Жила-была девочка, но однажды высоко в пространстве, где до того очень редко видны были лишь белые следы от самолетов, пролегла черная трещина, и одна сторона зеркала помутнела. Сначала только в отражении, а потом уже повсюду девочка заметила черные листья. А может, это были опаленные бабочки. Они медленно облепляли кусты и деревья, а когда слетали, то на их месте оставались лишь обугленные остовы. И еще девочка больше не могла даже в отражении найти ни себя, ни луга своих глаз, через который когда-то шла бесконечная желтоватая тропа, теплая от солнца. Девочка оттолкнула зеркало, отец поднял ее на руки, и его запах запекся в ней коркой хлеба, печатью на губах и кончиках пальцев. Отец был веселым, и все плакали. Мелькали вагоны, и множество отцов махало ей из окон. Жила-была девочка, и однажды она не смогла больше улыбнуться. Теперь она стала взрослой, даже не успев вдоволь наплакаться, когда маму затянула в себя земля. А ей надо было ходить по ней и взращивать на ней и давать от нее другим девочкам-сестрам. Был и братик, и девочка стала их мамой. Жила-была девочка-мама, у нее были грубые руки с цыпками, морщины на лбу, чужая или наспех перешитая (ведь она выросла больше и выше своей мамы, и даже ее лифчик ей не подходил) одежда, и все это было на ней и в тот печальный день, когда ее озарило холодное солнце. Давно разучившийся плакать мальчик с темно-голубыми глазами посмотрел в ее лицо и увидел себя, а не смерть. У них с этой девочкой не было ничего общего и никакого будущего, но в одну секунду он увидел себя и свою короткую, долгую жизнь, и ему показалось, что все, что случилось до этого, было лишь испытанием. Жила-была девочка, и, открыв глаза, она заметила этот сухой взгляд и изумилась и в тот же миг увидела себя и тот самый луг, который уже давно забыла искать, и сосны, и реку с красными берегами и двойным дном, и столько еще всего, что, казалось, хватит навечно. И после этого они уже не могли оторваться друг от друга».

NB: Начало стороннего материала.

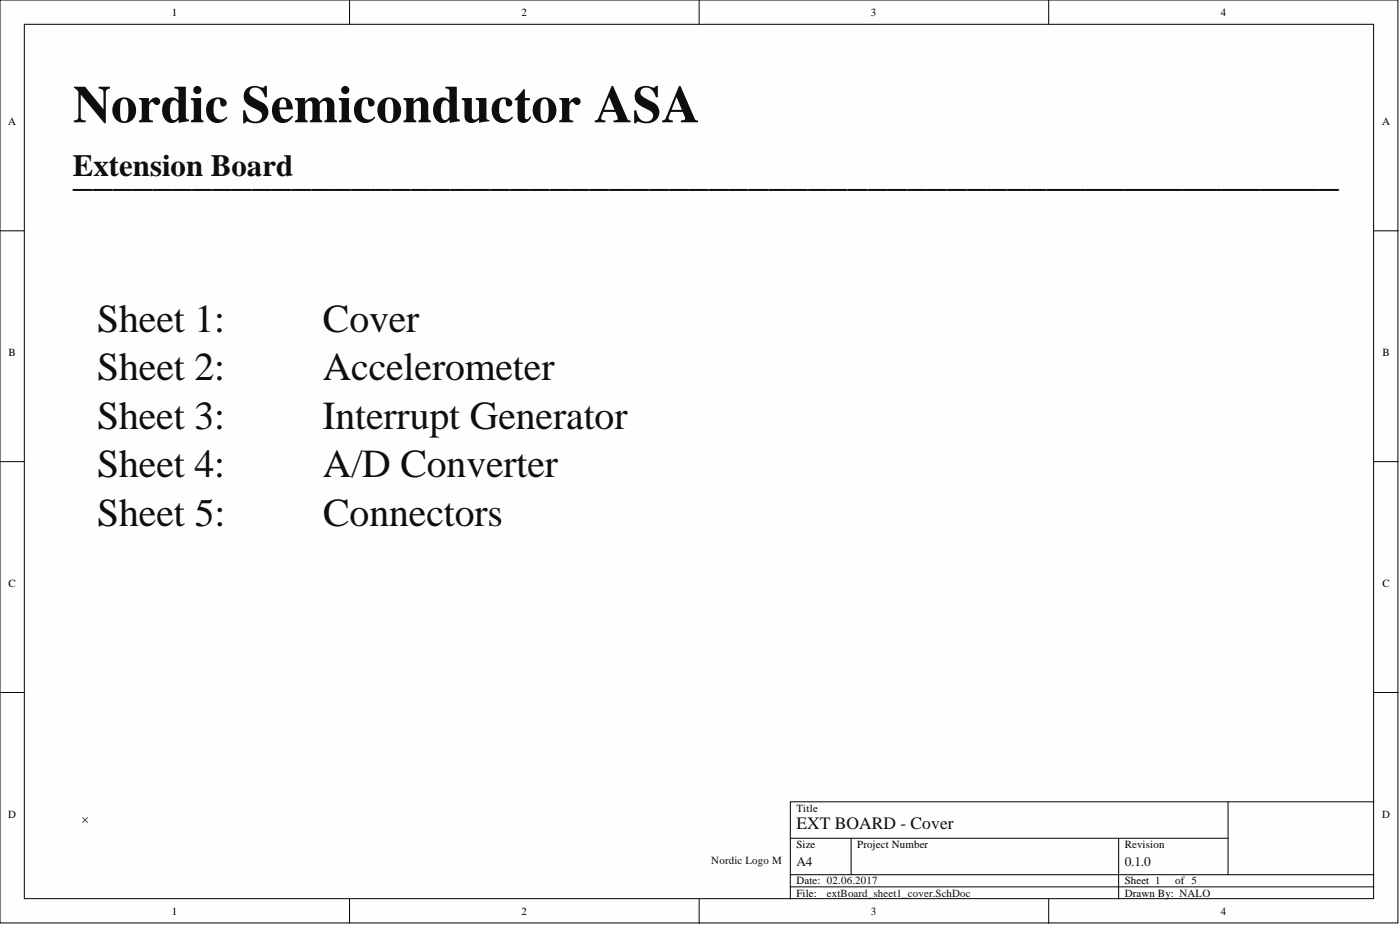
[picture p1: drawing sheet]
<svg xmlns="http://www.w3.org/2000/svg" width="292mm" height="193mm" viewBox="0 0 292 193" stroke-linecap="round" stroke-linejoin="round" font-family="sans-serif">
<defs><g id="words">
<text font-size="11" fill="#0e0e0e" x="15.2" y="25.5">Nordic Semiconductor ASA</text>
<g font-size="8.3" fill="#0e0e0e">
<text x="15.2" y="38.8">________________________________________________________________</text>
<text x="20.3" y="69.2">Sheet 1:</text>
<text x="67.4" y="69.2">Cover</text>
<text x="20.3" y="79.3">Sheet 2:</text>
<text x="67.3" y="79.3">Accelerometer</text>
<text x="20.3" y="89.5">Sheet 3:</text>
<text x="67.3" y="89.5">Interrupt Generator</text>
<text x="20.3" y="99.6">Sheet 4:</text>
<text x="67.4" y="99.6">A/D Converter</text>
<text x="20.3" y="109.7">Sheet 5:</text>
<text x="67.4" y="109.7">Connectors</text>
</g>
<text font-size="6.4" fill="#0e0e0e" x="15.2" y="36.7">Extension Board</text>
<text font-size="3.6" fill="#0e0e0e" x="166.2" y="172.8">EXT BOARD - Cover</text>
<g font-size="2.8" fill="#0e0e0e">
<text x="166.2" y="180.6">A4</text>
<text x="234.7" y="180.6">0.1.0</text>
</g>
<g font-size="2.3">
<text x="35.9" y="3.3">1</text>
<text x="108.8" y="3.3">2</text>
<text x="181.7" y="3.3">3</text>
<text x="254.7" y="3.3">4</text>
<text x="1.7" y="26.1">A</text>
<text x="288.4" y="26.1">A</text>
<text x="1.8" y="74.3">B</text>
<text x="288.4" y="74.3">B</text>
<text x="1.8" y="122.4">C</text>
<text x="288.4" y="122.4">C</text>
<text x="1.7" y="170.6">D</text>
<text x="166.2" y="169.3">Title</text>
<text x="288.4" y="170.6">D</text>
<text x="166.2" y="176.9">Size</text>
<text x="178.8" y="176.9">Project Number</text>
<text x="234.7" y="176.9">Revision</text>
<text x="166.2" y="184.5">Date: 02.06.2017</text>
<text x="234.7" y="184.5">Sheet 1</text>
<text x="245.2" y="184.5">of 5</text>
<text x="35.9" y="190.8">1</text>
<text x="108.8" y="190.8">2</text>
<text x="166.2" y="187">File:</text>
<text x="181.7" y="190.8">3</text>
<text x="234.7" y="187">Drawn By: NALO</text>
<text x="254.7" y="190.8">4</text>
</g>
<g font-size="2.3" fill="#0e0e0e">
<text x="148.4" y="180.2">Nordic Logo M</text>
<text x="172.5" y="187">extBoard_sheet1_cover.SchDoc</text>
</g>
</g></defs>
<g fill="#fefefe" stroke="#000" stroke-width=".21">
<path d="M0 0h291.7v192.5h-291.7z"/>
<path d="M5.1 5.1h281.5v182.4h-281.5z"/>
</g>
<g fill="none" stroke="#000" stroke-width=".21">
<path d="M72.9 0v5.1M145.9 0v5.1M218.8 0v5.1M0 48.2h5.1M286.7 48.2h5M0 96.3h5.1M286.7 96.3h5M0 144.5h5.1M286.7 144.5h5M164.9 174.9h91.3M177.6 174.9v7.6M233.4 174.9v12.6"/>
<path d="M256.2 167.3v15.2M286.7 167.3h-121.8v20.2M72.9 187.5v5.1M145.9 187.5v5.1M164.9 185h121.8M164.9 182.5h121.8M218.8 187.5v5.1"/>
</g>
<path d="M17.3 170.6l1 1M18.3 170.6l-1 1" fill="none" stroke="#4c4c4c" stroke-width=".21"/>
<use href="#words"/>
</svg>

Мы слушали. Маринка поднесла Череп к окну, и снова месяц, как в первый день, холодно окутал его светом.
А когда голос Черепа затих, мы увидели Валечку. Скорбная, словно женщины на последней встрече с тетей Риммой, она стояла в дверях.
– Что это у вас тут такое? – спросила она сдавленно и прижала руки к груди. Что ж, конечно, няньки-противницы не посвятили ее в нашу историю.